Experts from the ALICE experiment and the LHC machine collaborated closely to tackle the issue of background noise in the ALICE detector: many different remedial strategies were studied and tested during several fills over a period of more than 30 hours. Finally, the correction of residual dispersion (see the box below) reduced the background noise to a satisfactory level for ALICE to take physics data in the coming weeks.

Efforts to enhance accelerator performance extend beyond the LHC beams. Teams are constantly fine-tuning the injectors, not only for LHC beams but also for various fixed-target beams. The new AD/ELENA antiproton beam intensity records that we saw last week are a nice example. At the start of the 2023 run, the AD extracted 3.1x107 antiprotons. This was increased gradually to reach 4x107 antiprotons in September. Following an increase in the number of protons on the AD target, which is the source of antiprotons, optimisations on the AD machine side were performed to increase – to up to 90% – the percentage of antiprotons that reach extraction, resulting in a record intensity of 4.9x107 antiprotons extracted from the AD. This is the result of meticulous work by the AD team to better understand the machine and gain a fraction of a percent each time.

After being first decelerated in the AD machine, the antiproton beam is injected into the ELENA machine, where the antiprotons are divided into four bunches that, after further deceleration, can be extracted individually and sent to the different antimatter experiments. In September, these experiments regularly received 8x106 antiprotons per bunch but, last week, after the recent optimisations, they received up to 9.7x106 antiprotons per bunch, a new intensity record for ELENA.

These remarkable achievements reflect the dedication and expertise of the many teams that, together, make the CERN accelerator complex run.

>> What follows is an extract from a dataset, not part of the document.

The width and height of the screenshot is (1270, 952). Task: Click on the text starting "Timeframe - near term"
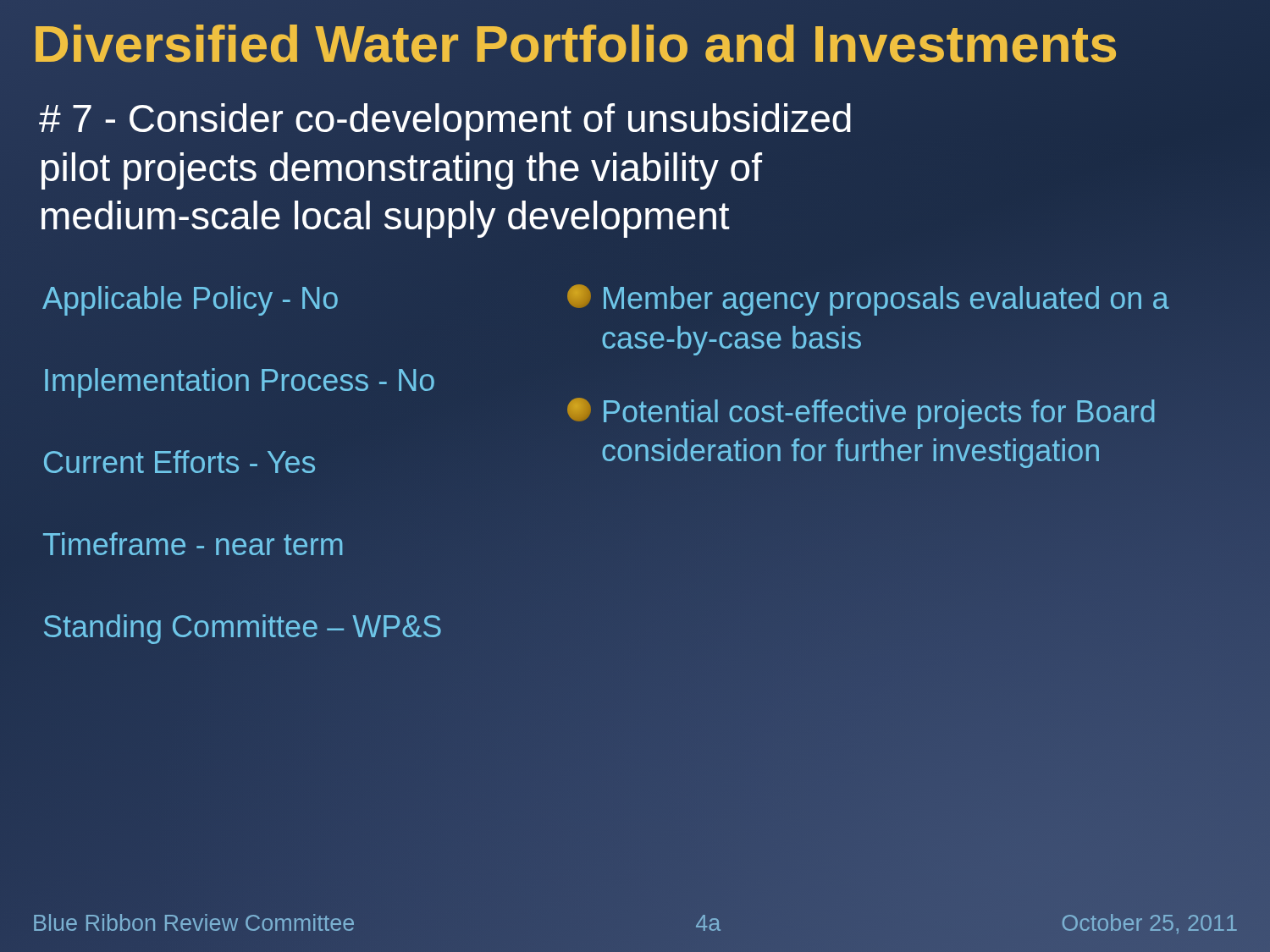point(193,545)
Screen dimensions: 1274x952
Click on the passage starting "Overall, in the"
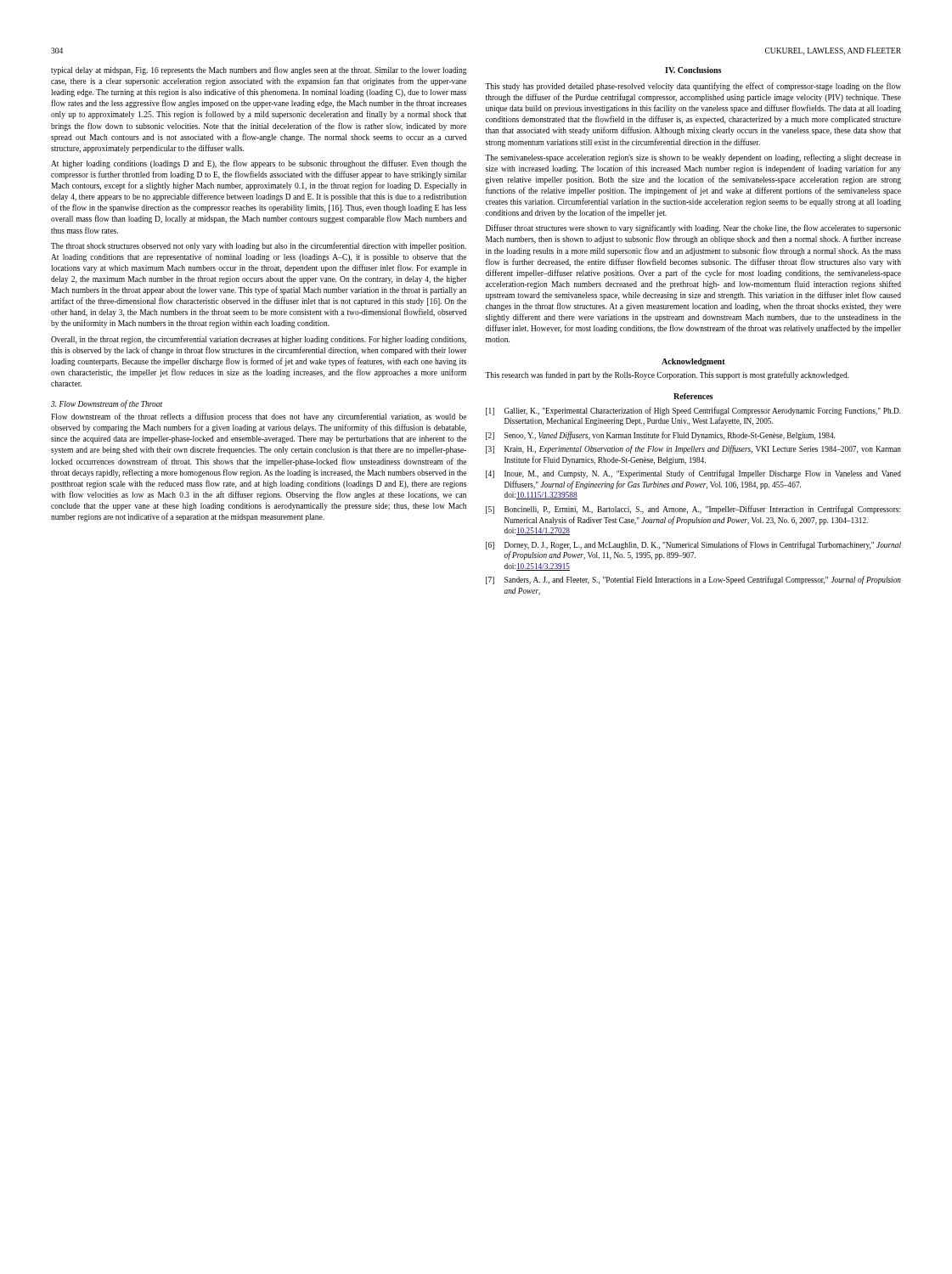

A brief explanation of dispersion

The particles circulating in the LHC do not all have the same energy: some particles in the beam have a slightly lower or higher energy than the average energy of all the particles. A beam of particles thus has an average energy and an energy spread.

The beam is curved by the LHC dipoles, which guide it along the 27-km-long accelerator, but the radius of curvature is different for particles with different energies. Therefore, the physical size of the beam at the exit of the dipoles will depend on the energy spread of the beam. This is what we call dispersion.